▸ WHAT IS NEEDED:
Give back, word for word, every line from the one containing "HFOV = 60.0 degrees." to the end of the listing, and nothing more.

▸ SOURCE DATA:
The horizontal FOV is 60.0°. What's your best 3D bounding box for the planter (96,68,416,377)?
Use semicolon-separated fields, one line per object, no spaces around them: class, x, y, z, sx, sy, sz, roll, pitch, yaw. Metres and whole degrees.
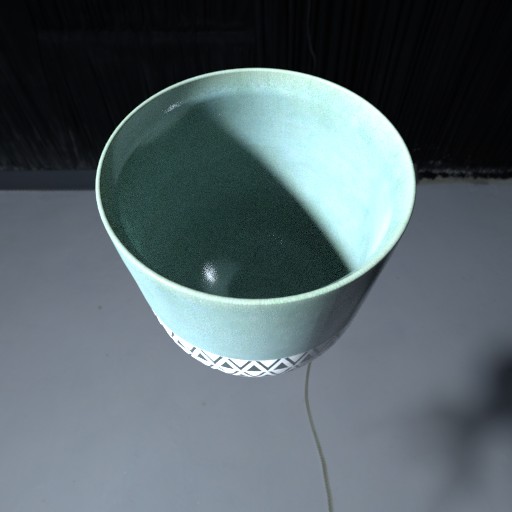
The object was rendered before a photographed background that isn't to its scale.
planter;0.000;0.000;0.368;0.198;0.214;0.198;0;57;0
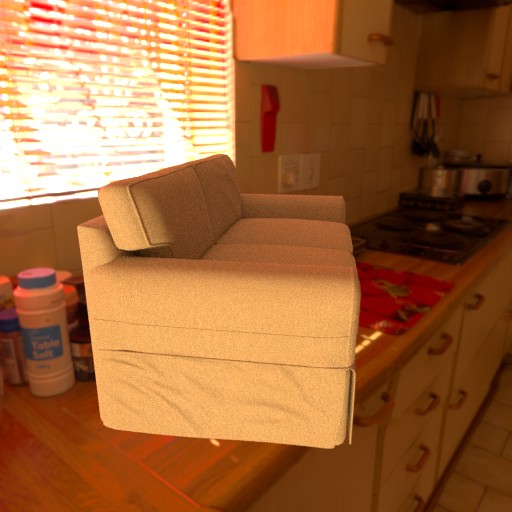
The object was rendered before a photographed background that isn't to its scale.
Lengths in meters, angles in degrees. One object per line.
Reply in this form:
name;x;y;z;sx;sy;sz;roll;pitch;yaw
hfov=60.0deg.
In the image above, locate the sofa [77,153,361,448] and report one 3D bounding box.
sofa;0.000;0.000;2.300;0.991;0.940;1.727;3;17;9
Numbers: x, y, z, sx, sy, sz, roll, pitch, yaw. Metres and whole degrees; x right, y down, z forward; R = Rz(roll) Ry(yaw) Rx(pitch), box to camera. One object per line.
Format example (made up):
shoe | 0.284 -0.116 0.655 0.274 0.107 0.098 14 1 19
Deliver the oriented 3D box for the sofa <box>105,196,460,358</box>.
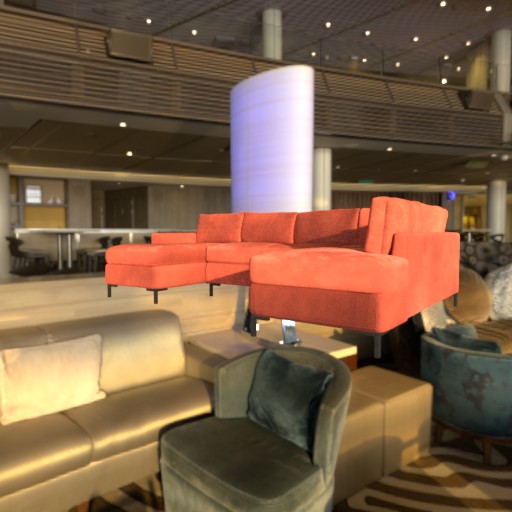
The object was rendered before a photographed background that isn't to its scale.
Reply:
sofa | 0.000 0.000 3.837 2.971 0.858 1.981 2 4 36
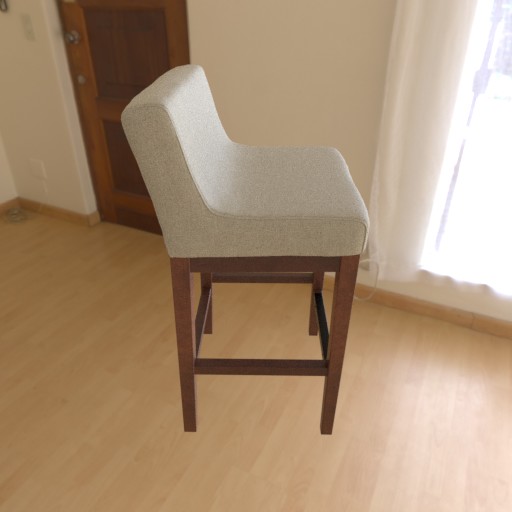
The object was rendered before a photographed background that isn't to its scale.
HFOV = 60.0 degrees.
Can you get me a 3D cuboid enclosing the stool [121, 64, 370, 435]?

▸ RESPONSE AREA:
HFOV = 60.0 degrees.
Can you get me a 3D cuboid enclosing the stool [121, 64, 370, 435]?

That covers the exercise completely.